2010-05-15 Thread travis+ml-python
On Mon, May 10, 2010 at 08:45:51PM +0100, Nobody wrote:
> On Tue, 11 May 2010 00:24:22 +1200, Samuel Williams wrote:
> > Is Python a functional programming language?
> Not in any meaningful sense of the term.

LOL

> > I heard that lambdas were limited to a single expression,
> 
> Yes. In a functional language that wouldn't be a problem, as there's no
> limit to the complexity of an expression. Python's expressions are far
> more limited, which restricts what can be done with a lambda.

One very annoying thing in Python is the distinction between
statements and expressions.

Ever since learning LISP (well, Scheme) in S&ICP I find myself
frequently annoyed by this pointless distinction, started by
C (or earlier), and propogated without much thought.

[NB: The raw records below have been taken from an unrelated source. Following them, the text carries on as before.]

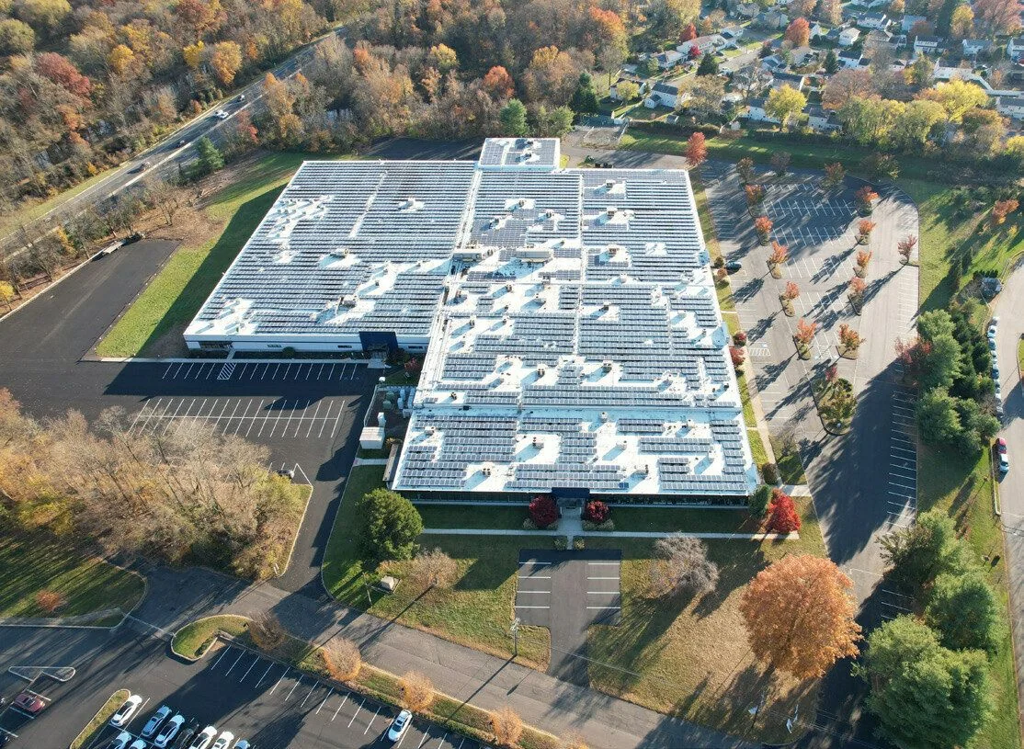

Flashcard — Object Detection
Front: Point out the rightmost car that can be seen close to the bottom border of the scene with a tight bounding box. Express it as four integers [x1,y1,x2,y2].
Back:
[385,709,412,741]
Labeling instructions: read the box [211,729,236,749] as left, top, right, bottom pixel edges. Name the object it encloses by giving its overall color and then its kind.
white car
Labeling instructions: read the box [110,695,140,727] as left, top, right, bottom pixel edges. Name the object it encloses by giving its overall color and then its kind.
white car

Often I'll want to write a lamda that, say, prints something, or
modifies a global variable, and find that, well, it's either
impossible or beyond my interest in figuring it out.

It appears there is finally a ternary operator (for making if/else
into "expressions"):
http://en.wikipedia.org/wiki/Ternary_operation#Python
Maybe it will grow on me - it makes sense in English, but on
first glance I thought the programmer suffered from dyslexia.

To be fair, it appears that Python's whitespace-sensitive syntax sort
of precludes the "make a complex function on one line" that is typical
of languages which don't have statement/expression distinctions, but
I'm not convinced it couldn't be solved, perhaps by allowing anonymous
functions to span multiple lines, just like named functions.

> > Finally, even if Python supports functional features, is this a model that
> > is used often in client/application code?
> 
> Not really. List comprehensions are probably the most common example of
> functional idioms, but again they're limited by Python's rather limited
> concept of an expression.

Map/reduce, lambda, apply, that kind of stuff... kinda similar to
functional languages.

But "statements lack any side effects"?  No way.

In fact, a common distinction you'll see observed, but not always, is
that "statements may have side effects, expressions do not".

For some definitions of "functional language", there are no
side-effects, so there is no need for a statement which doesn't
evaluate to a value, so there is no need for a statement/expression
distinction, so everything is an expression.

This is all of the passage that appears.